What’s in a name? Apparently everything, especially if that name happens to be that of your competition that you use at will. You just might be dragged into a lawsuit. This is exactly what happened recently when Horlicks, the health drink from Glaxo SmithKline (GSK) in its TVC blatantly showed its competitor brand Complan and compared how Horlicks was a smarter choice.
Needless to say, Heinz, the company which owns the brand Complan, raised an issue and the matter is now sub judice. In fact, after the recent bombardment of the Horlicks ad on mostly all kids channels, it has now gone off air, though Complan on its part is out with a new TVC that claims that “Children served Complan with a regular diet grow twice as fast compared to those only on a regular diet, because Complan contains 100 per cent milk proteins and 23 vital nutrients.”
Thankfully, there is no Horlicks brand in the picture or anything even remotely looking similar to the brand packaging with conspicuous efforts made to hide the name of the brand, hence Complan manages to pull this off successfully.
This brings us to a vital point in comparative advertising. Isn’t advertising all about comparing one brand with another and proving how your brand is better than the rest? After all, the scope of advertising is to establish your brand as the preferred brand among consumers and the comparative formula has been taken many a time in the past, be it for hair oil, cold drinks, dish bar, washing powder or soap, among others. Or else, we would have never seen the iconic Surf ad – ‘Uski sari meri sari se safed kaise?’
Giving her take on comparative advertising, Priti Nair, Managing Partner, BBH India, said, “Comparative advertising had been quite an acceptable practice when I started out in advertising, and one can recall number of instances where we have gone into side by side demo with every effort to hide the competitions’ brand, though one could still figure out the brand being compared to. Though this practice had stopped in the past few years, but I believe with the current economic scenario and shoppers being cautious, this formula is being brought slowly to life again.”
She further said, “If a brand needs to communicate a truth to its consumers, which has a research banking, then comparative advertising can be adopted. Though one should refrain from blatantly proving its point and package the comparison in an interesting way.”

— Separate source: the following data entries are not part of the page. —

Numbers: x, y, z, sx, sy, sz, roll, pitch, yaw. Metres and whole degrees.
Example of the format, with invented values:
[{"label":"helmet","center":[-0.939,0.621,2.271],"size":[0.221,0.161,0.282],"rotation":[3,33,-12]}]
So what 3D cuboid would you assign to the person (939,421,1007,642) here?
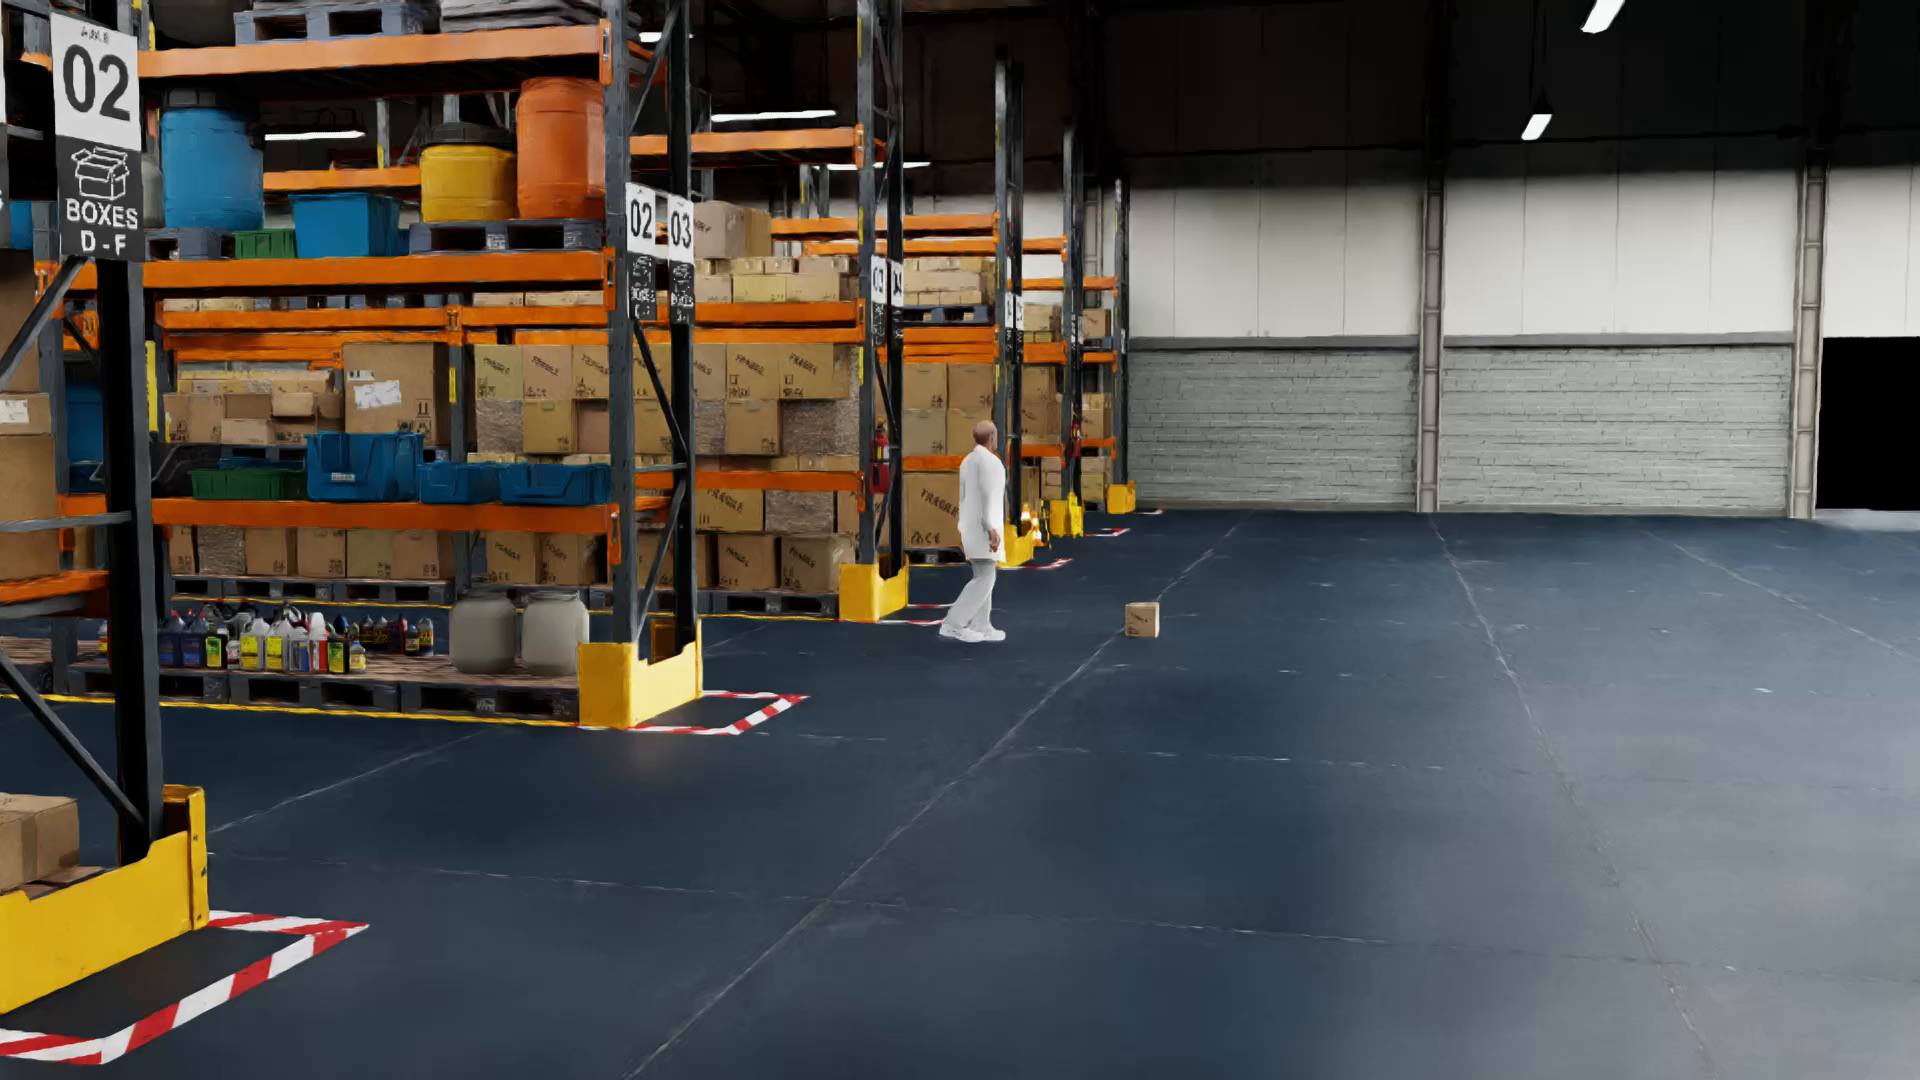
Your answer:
[{"label":"person","center":[0.105,-0.063,13.224],"size":[0.616,1.769,0.619],"rotation":[-2,5,-19]}]

In fact, this kind of comparative advertising is not new when it comes to the cola majors, who have taken pot shots at each other with spoofs in advertising. Sprite from the Coca-Cola stable has been immensely popular with its ‘Sprite bujhaye pyaas, baki sab bakwaas’, directly spoofing Pepsico’s Mountain Dew. Even in the recent past, Sprite had come up with ‘Yeh hai Hindustan Meri jaan’ in a direct spoof of Pepsi’s ‘Yeh hai Youngistan meri jaan’.

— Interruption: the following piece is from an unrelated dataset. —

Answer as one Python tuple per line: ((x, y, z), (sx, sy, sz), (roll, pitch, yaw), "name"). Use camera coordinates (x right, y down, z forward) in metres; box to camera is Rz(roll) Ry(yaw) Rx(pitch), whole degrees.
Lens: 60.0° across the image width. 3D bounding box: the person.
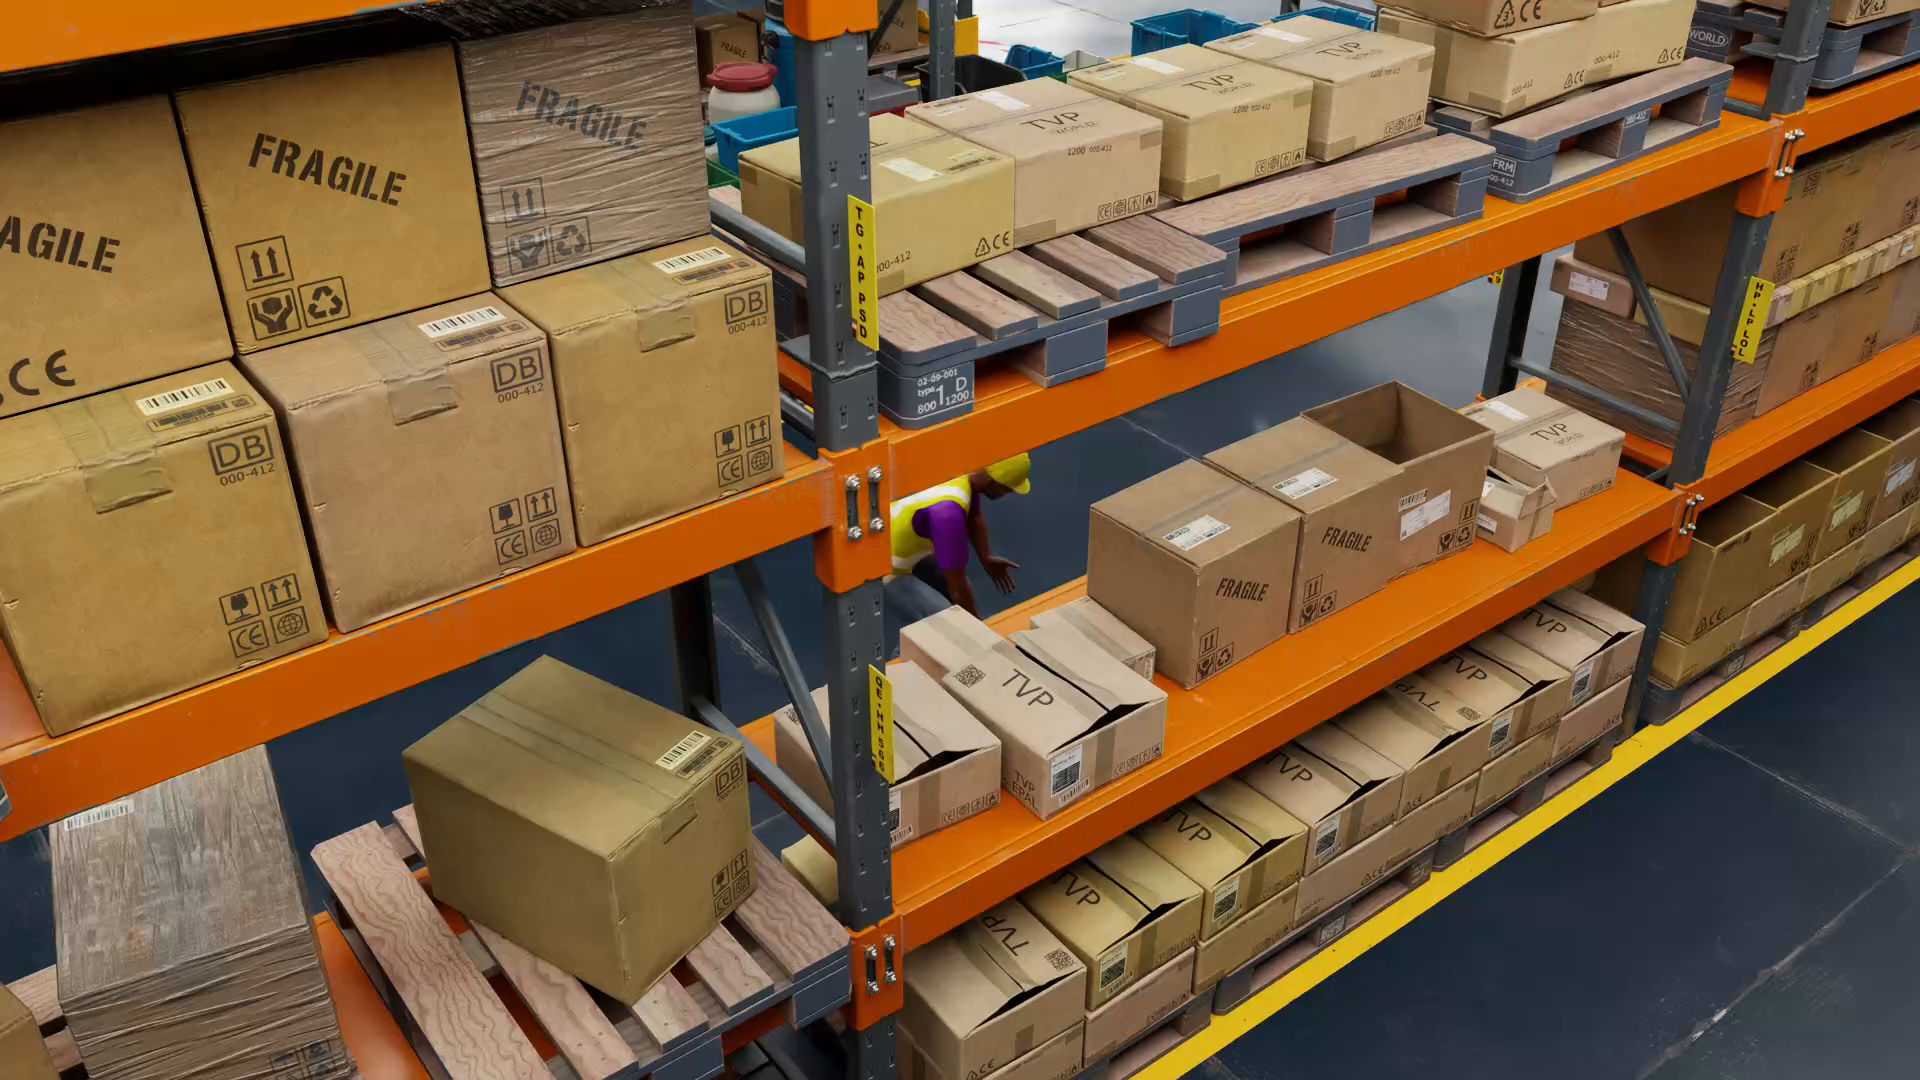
((-0.013, 0.353, 7.441), (0.980, 0.858, 0.546), (4, 32, 7), "person")

Manish Bhatt, VP and ECD, Contract Advertising, recalls Pepsi’s ‘Nothing official about it’ tagline as a delightful piece of work that was coined in response to Coca- Cola being the official sponsor of the World Cup Cricket. He said, “Comparative advertising, when tastefully executed, can be an example of successful advertising. Brands are built on competitive spirit, but there has to be a long term strategy in building brands and the proposition should be unique enough to make it convincing. Else it’s akin to salesmen fighting among each other proving their brand to be better, which ends up actually mocking the product.”

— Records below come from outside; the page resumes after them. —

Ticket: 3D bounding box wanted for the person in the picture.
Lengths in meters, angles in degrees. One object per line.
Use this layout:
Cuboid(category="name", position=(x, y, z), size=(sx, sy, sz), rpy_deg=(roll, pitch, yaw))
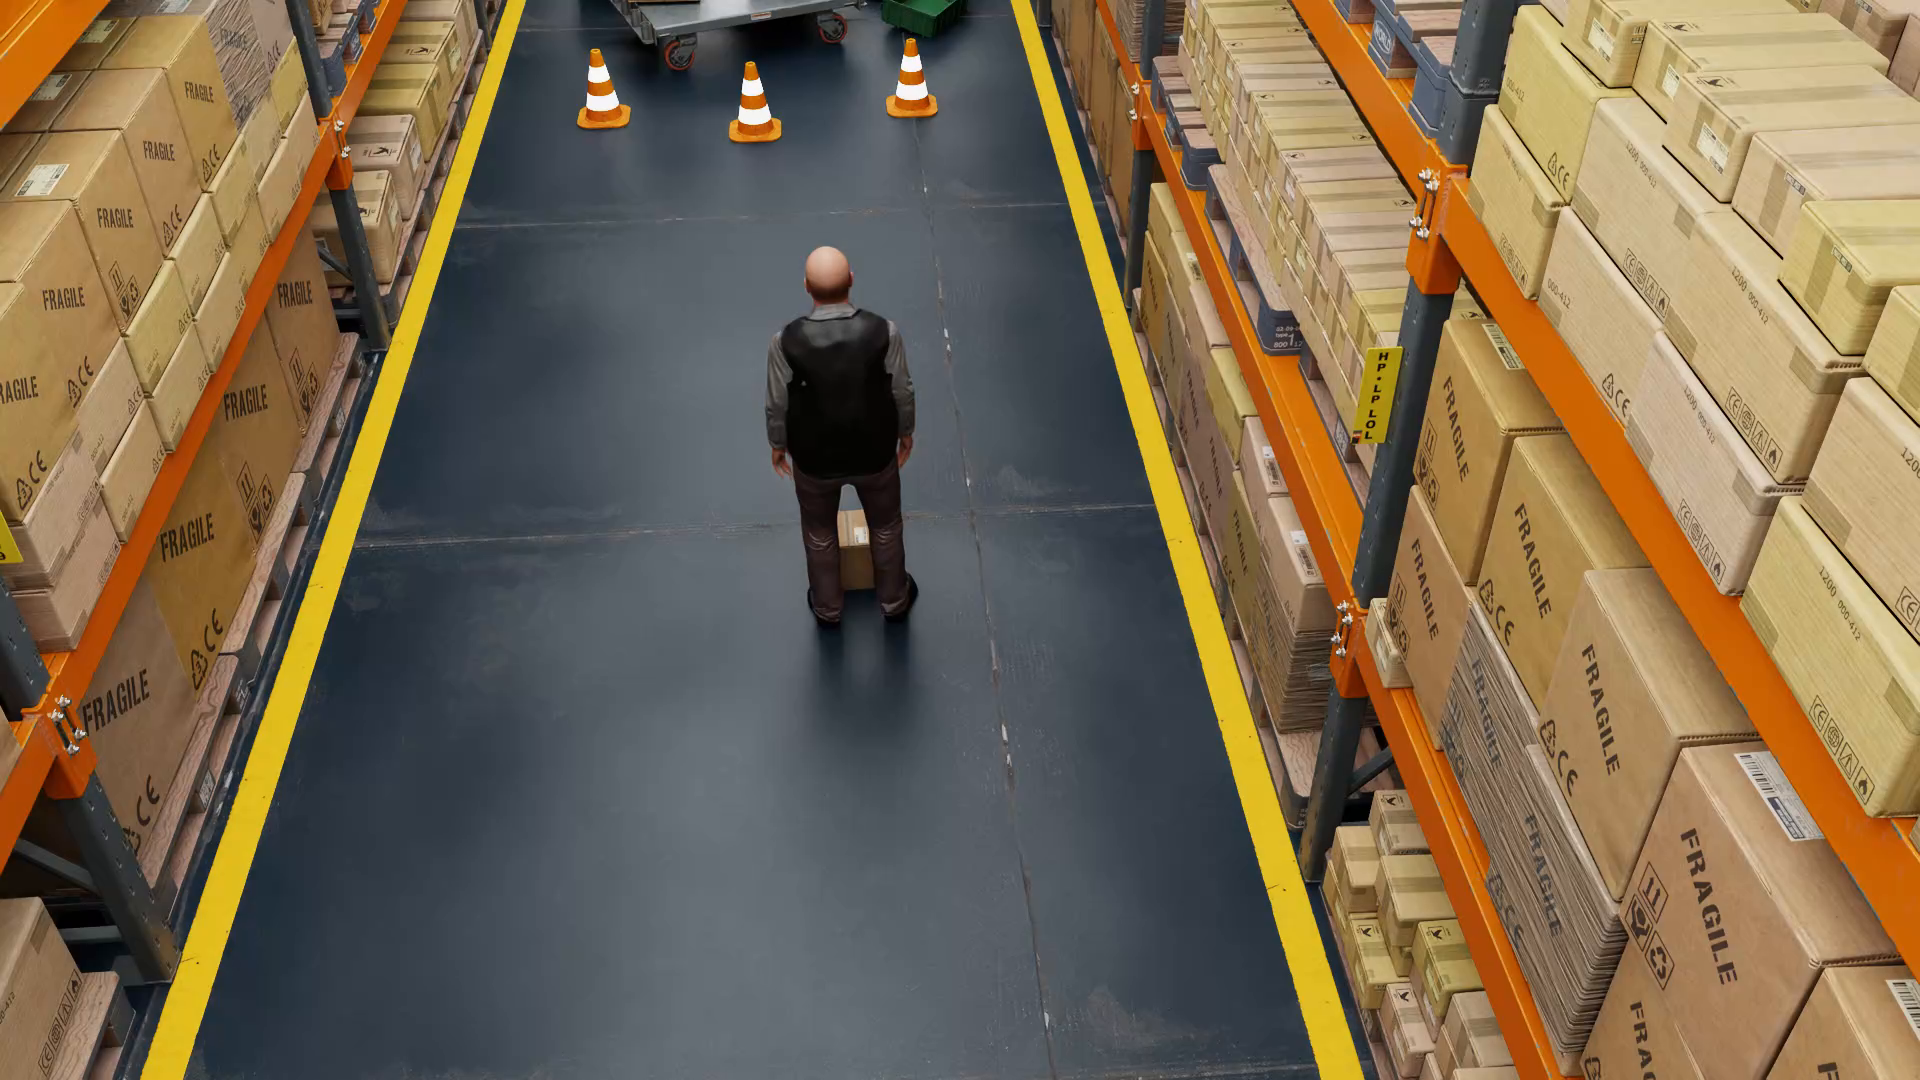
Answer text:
Cuboid(category="person", position=(-0.463, -0.352, 6.610), size=(0.592, 1.722, 0.412), rpy_deg=(-5, 39, -6))

There is also an opinion that some categories require such comparison, such as automotive, PC, LCD TV, real estate and mutual funds. Rajeev Rakshit, VP, Orchard Advertising, said, “From consumers’ point of view, I think an honest, relevant, knowledgeable comparison gives him an advantage in making a purchase decision, and in certain complex category this is really helpful.”
He added, “Though from an agency’s perspective, I think an upfront comparison is because of intellectual lethargy, which otherwise can be used constructively to create a differentiating proposition. A good piece of advertising is deeply rooted in consumer insight and differentiating content can be used effectively in creating a compelling communication.”
Well, that’s about comparative advertising, but coming back to Horlicks and its recent creative adventure, people at JWT have preferred to keep mum on the subject as the matter is in court. However, a person who has worked closely on the brand did defend it by citing that Coke and Pepsi had done it in the past and this kind of comparison depended on the larger strategy that the brand wanted to adopt.
To sum it all, as Contract’s Bhatt aptly said, “Comparative advertising is explosive and not all agencies or all brands can pull it off.”